WHAT YOU WILL DO
From the entries that follow, report every line in which "Splash" occurs.

● ● ● ● ●

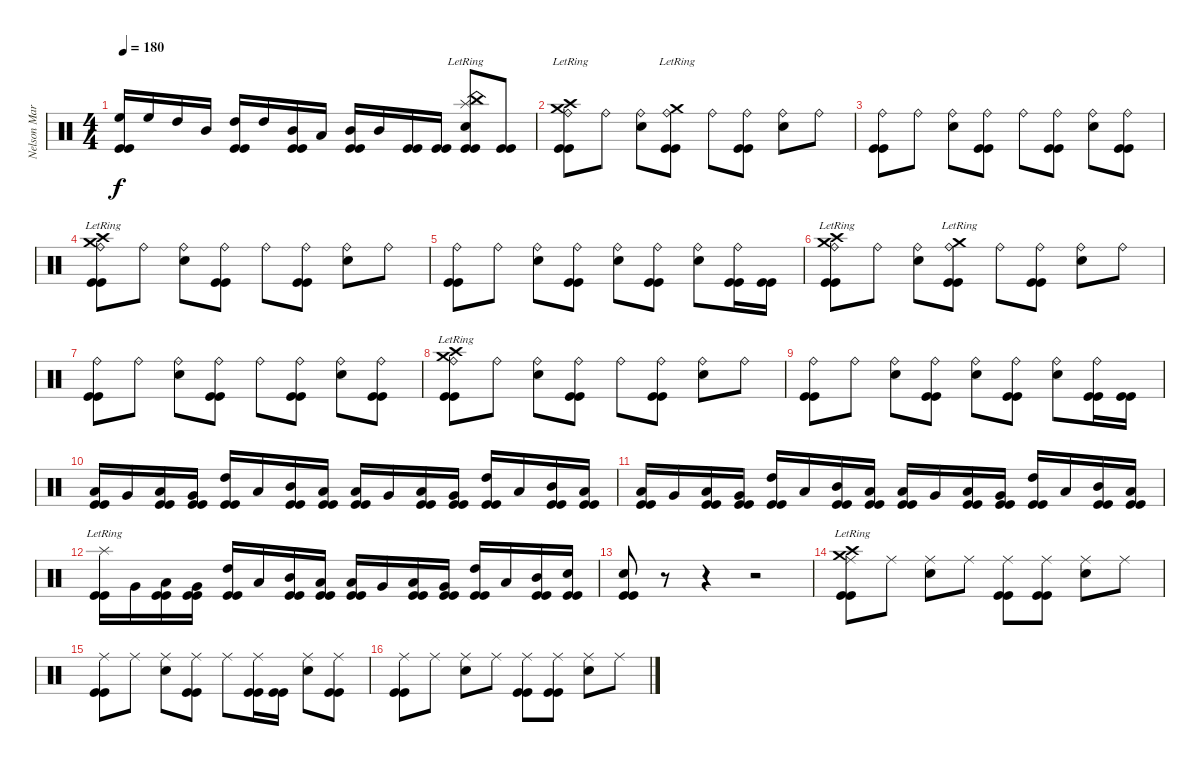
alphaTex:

\track ("Nelson Maria" "Nelson Mar") {instrument percussion}
\staff {score}
\articulation defaults
\ts (4 4)
\tempo 180
\clef neutral
\ks c
("High Floor Tom (hit)" "Kick (hit)" "Kick (hit)").16{dy f} "High Floor Tom (hit)".16 "High Tom (hit)".16 "Mid Tom (hit)".16 ("High Tom (hit)" "Kick (hit)" "Kick (hit)").16 "High Tom (hit)".16 ("Mid Tom (hit)" "Kick (hit)" "Kick (hit)").16 "Low Tom (hit)".16 ("Mid Tom (hit)" "Kick (hit)" "Kick (hit)").16 "Mid Tom (hit)".16 ("Kick (hit)" "Kick (hit)").16 ("Kick (hit)" "Kick (hit)").16 ("China (hit)"{lr} "Splash (hit)"{lr} "Snare (hit) 2" "Kick (hit)" "Kick (hit)").8 ("Kick (hit)" "Kick (hit)").8 |
("Crash high (hit)"{lr} "Crash medium (hit)" "Ride (bell)" "Kick (hit)" "Kick (hit)").8 "Ride (bell)".8 ("Snare (hit) 2" "Ride (bell)").8 ("Crash medium (hit)"{lr} "Ride (bell)" "Kick (hit)" "Kick (hit)").8 "Ride (bell)".8 ("Ride (bell)" "Kick (hit)" "Kick (hit)").8 ("Snare (hit) 2" "Ride (bell)").8 "Ride (bell)".8 |
("Ride (bell)" "Kick (hit)" "Kick (hit)").8 "Ride (bell)".8 ("Snare (hit) 2" "Ride (bell)").8 ("Ride (bell)" "Kick (hit)" "Kick (hit)").8 "Ride (bell)".8 ("Ride (bell)" "Kick (hit)" "Kick (hit)").8 ("Snare (hit) 2" "Ride (bell)").8 ("Ride (bell)" "Kick (hit)" "Kick (hit)").8 |
("Crash high (hit)"{lr} "Crash medium (hit)" "Ride (bell)" "Kick (hit)" "Kick (hit)").8 "Ride (bell)".8 ("Snare (hit) 2" "Ride (bell)").8 ("Ride (bell)" "Kick (hit)" "Kick (hit)").8 "Ride (bell)".8 ("Ride (bell)" "Kick (hit)" "Kick (hit)").8 ("Snare (hit) 2" "Ride (bell)").8 "Ride (bell)".8 |
("Ride (bell)" "Kick (hit)" "Kick (hit)").8 "Ride (bell)".8 ("Snare (hit) 2" "Ride (bell)").8 ("Ride (bell)" "Kick (hit)" "Kick (hit)").8 ("Snare (hit) 2" "Ride (bell)").8 ("Ride (bell)" "Kick (hit)" "Kick (hit)").8 ("Snare (hit) 2" "Ride (bell)").8 ("Ride (bell)" "Kick (hit)" "Kick (hit)").16 ("Kick (hit)" "Kick (hit)").16 |
("Crash high (hit)"{lr} "Crash medium (hit)" "Ride (bell)" "Kick (hit)" "Kick (hit)").8 "Ride (bell)".8 ("Snare (hit) 2" "Ride (bell)").8 ("Crash medium (hit)"{lr} "Ride (bell)" "Kick (hit)" "Kick (hit)").8 "Ride (bell)".8 ("Ride (bell)" "Kick (hit)" "Kick (hit)").8 ("Snare (hit) 2" "Ride (bell)").8 "Ride (bell)".8 |
("Ride (bell)" "Kick (hit)" "Kick (hit)").8 "Ride (bell)".8 ("Snare (hit) 2" "Ride (bell)").8 ("Ride (bell)" "Kick (hit)" "Kick (hit)").8 "Ride (bell)".8 ("Ride (bell)" "Kick (hit)" "Kick (hit)").8 ("Snare (hit) 2" "Ride (bell)").8 ("Ride (bell)" "Kick (hit)" "Kick (hit)").8 |
("Crash high (hit)"{lr} "Crash medium (hit)" "Ride (bell)" "Kick (hit)" "Kick (hit)").8 "Ride (bell)".8 ("Snare (hit) 2" "Ride (bell)").8 ("Ride (bell)" "Kick (hit)" "Kick (hit)").8 "Ride (bell)".8 ("Ride (bell)" "Kick (hit)" "Kick (hit)").8 ("Snare (hit) 2" "Ride (bell)").8 "Ride (bell)".8 |
("Ride (bell)" "Kick (hit)" "Kick (hit)").8 "Ride (bell)".8 ("Snare (hit) 2" "Ride (bell)").8 ("Ride (bell)" "Kick (hit)" "Kick (hit)").8 ("Snare (hit) 2" "Ride (bell)").8 ("Ride (bell)" "Kick (hit)" "Kick (hit)").8 ("Snare (hit) 2" "Ride (bell)").8 ("Ride (bell)" "Kick (hit)" "Kick (hit)").16 ("Kick (hit)" "Kick (hit)").16 |
("Low Tom (hit)" "Kick (hit)" "Kick (hit)").16 "Very Low Tom (hit)".16 ("Low Tom (hit)" "Kick (hit)" "Kick (hit)").16 ("Very Low Tom (hit)" "Kick (hit)" "Kick (hit)").16 ("High Tom (hit)" "Kick (hit)" "Kick (hit)").16 "Low Tom (hit)".16 ("Mid Tom (hit)" "Kick (hit)" "Kick (hit)").16 ("Low Tom (hit)" "Kick (hit)" "Kick (hit)").16 ("Low Tom (hit)" "Kick (hit)" "Kick (hit)").16 "Very Low Tom (hit)".16 ("Low Tom (hit)" "Kick (hit)" "Kick (hit)").16 ("Very Low Tom (hit)" "Kick (hit)" "Kick (hit)").16 ("High Tom (hit)" "Kick (hit)" "Kick (hit)").16 "Low Tom (hit)".16 ("Mid Tom (hit)" "Kick (hit)" "Kick (hit)").16 ("Low Tom (hit)" "Kick (hit)" "Kick (hit)").16 |
("Low Tom (hit)" "Kick (hit)" "Kick (hit)").16 "Very Low Tom (hit)".16 ("Low Tom (hit)" "Kick (hit)" "Kick (hit)").16 ("Very Low Tom (hit)" "Kick (hit)" "Kick (hit)").16 ("High Tom (hit)" "Kick (hit)" "Kick (hit)").16 "Low Tom (hit)".16 ("Mid Tom (hit)" "Kick (hit)" "Kick (hit)").16 ("Low Tom (hit)" "Kick (hit)" "Kick (hit)").16 ("Low Tom (hit)" "Kick (hit)" "Kick (hit)").16 "Very Low Tom (hit)".16 ("Low Tom (hit)" "Kick (hit)" "Kick (hit)").16 ("Very Low Tom (hit)" "Kick (hit)" "Kick (hit)").16 ("High Tom (hit)" "Kick (hit)" "Kick (hit)").16 "Low Tom (hit)".16 ("Mid Tom (hit)" "Kick (hit)" "Kick (hit)").16 ("Low Tom (hit)" "Kick (hit)" "Kick (hit)").16 |
("Splash (hit)"{lr} "Kick (hit)" "Kick (hit)").16 "Very Low Tom (hit)".16 ("Low Tom (hit)" "Kick (hit)" "Kick (hit)").16 ("Very Low Tom (hit)" "Kick (hit)" "Kick (hit)").16 ("High Tom (hit)" "Kick (hit)" "Kick (hit)").16 "Low Tom (hit)".16 ("Mid Tom (hit)" "Kick (hit)" "Kick (hit)").16 ("Low Tom (hit)" "Kick (hit)" "Kick (hit)").16 ("Low Tom (hit)" "Kick (hit)" "Kick (hit)").16 "Very Low Tom (hit)".16 ("Low Tom (hit)" "Kick (hit)" "Kick (hit)").16 ("Very Low Tom (hit)" "Kick (hit)" "Kick (hit)").16 ("High Tom (hit)" "Kick (hit)" "Kick (hit)").16 "Low Tom (hit)".16 ("Mid Tom (hit)" "Kick (hit)" "Kick (hit)").16 ("Snare (hit) 2" "Kick (hit)" "Kick (hit)").16 |
("Snare (hit) 2" "Kick (hit)" "Kick (hit)").8 r.8{volume 0} r.4 r.2 |
("Crash high (hit)"{lr} "Crash medium (hit)" "Ride (middle)" "Kick (hit)" "Kick (hit)").8{volume 16} "Ride (middle)".8 ("Snare (hit) 2" "Ride (middle)").8 "Ride (middle)".8 ("Ride (middle)" "Kick (hit)" "Kick (hit)").8 ("Ride (middle)" "Kick (hit)" "Kick (hit)").8 ("Snare (hit) 2" "Ride (middle)").8 "Ride (middle)".8 |
("Ride (middle)" "Kick (hit)" "Kick (hit)").8 "Ride (middle)".8 ("Snare (hit) 2" "Ride (middle)").8 ("Ride (middle)" "Kick (hit)" "Kick (hit)").8 "Ride (middle)".8 ("Ride (middle)" "Kick (hit)" "Kick (hit)").16 ("Kick (hit)" "Kick (hit)").16 ("Snare (hit) 2" "Ride (middle)").8 ("Ride (middle)" "Kick (hit)" "Kick (hit)").8 |
("Ride (middle)" "Kick (hit)" "Kick (hit)").8 "Ride (middle)".8 ("Snare (hit) 2" "Ride (middle)").8 "Ride (middle)".8 ("Ride (middle)" "Kick (hit)" "Kick (hit)").8 ("Ride (middle)" "Kick (hit)" "Kick (hit)").8 ("Snare (hit) 2" "Ride (middle)").8 "Ride (middle)".8

● ● ● ● ●

RESPONSE FOR THIS EXERCISE
("High Floor Tom (hit)" "Kick (hit)" "Kick (hit)").16{dy f} "High Floor Tom (hit)".16 "High Tom (hit)".16 "Mid Tom (hit)".16 ("High Tom (hit)" "Kick (hit)" "Kick (hit)").16 "High Tom (hit)".16 ("Mid Tom (hit)" "Kick (hit)" "Kick (hit)").16 "Low Tom (hit)".16 ("Mid Tom (hit)" "Kick (hit)" "Kick (hit)").16 "Mid Tom (hit)".16 ("Kick (hit)" "Kick (hit)").16 ("Kick (hit)" "Kick (hit)").16 ("China (hit)"{lr} "Splash (hit)"{lr} "Snare (hit) 2" "Kick (hit)" "Kick (hit)").8 ("Kick (hit)" "Kick (hit)").8 |
("Splash (hit)"{lr} "Kick (hit)" "Kick (hit)").16 "Very Low Tom (hit)".16 ("Low Tom (hit)" "Kick (hit)" "Kick (hit)").16 ("Very Low Tom (hit)" "Kick (hit)" "Kick (hit)").16 ("High Tom (hit)" "Kick (hit)" "Kick (hit)").16 "Low Tom (hit)".16 ("Mid Tom (hit)" "Kick (hit)" "Kick (hit)").16 ("Low Tom (hit)" "Kick (hit)" "Kick (hit)").16 ("Low Tom (hit)" "Kick (hit)" "Kick (hit)").16 "Very Low Tom (hit)".16 ("Low Tom (hit)" "Kick (hit)" "Kick (hit)").16 ("Very Low Tom (hit)" "Kick (hit)" "Kick (hit)").16 ("High Tom (hit)" "Kick (hit)" "Kick (hit)").16 "Low Tom (hit)".16 ("Mid Tom (hit)" "Kick (hit)" "Kick (hit)").16 ("Snare (hit) 2" "Kick (hit)" "Kick (hit)").16 |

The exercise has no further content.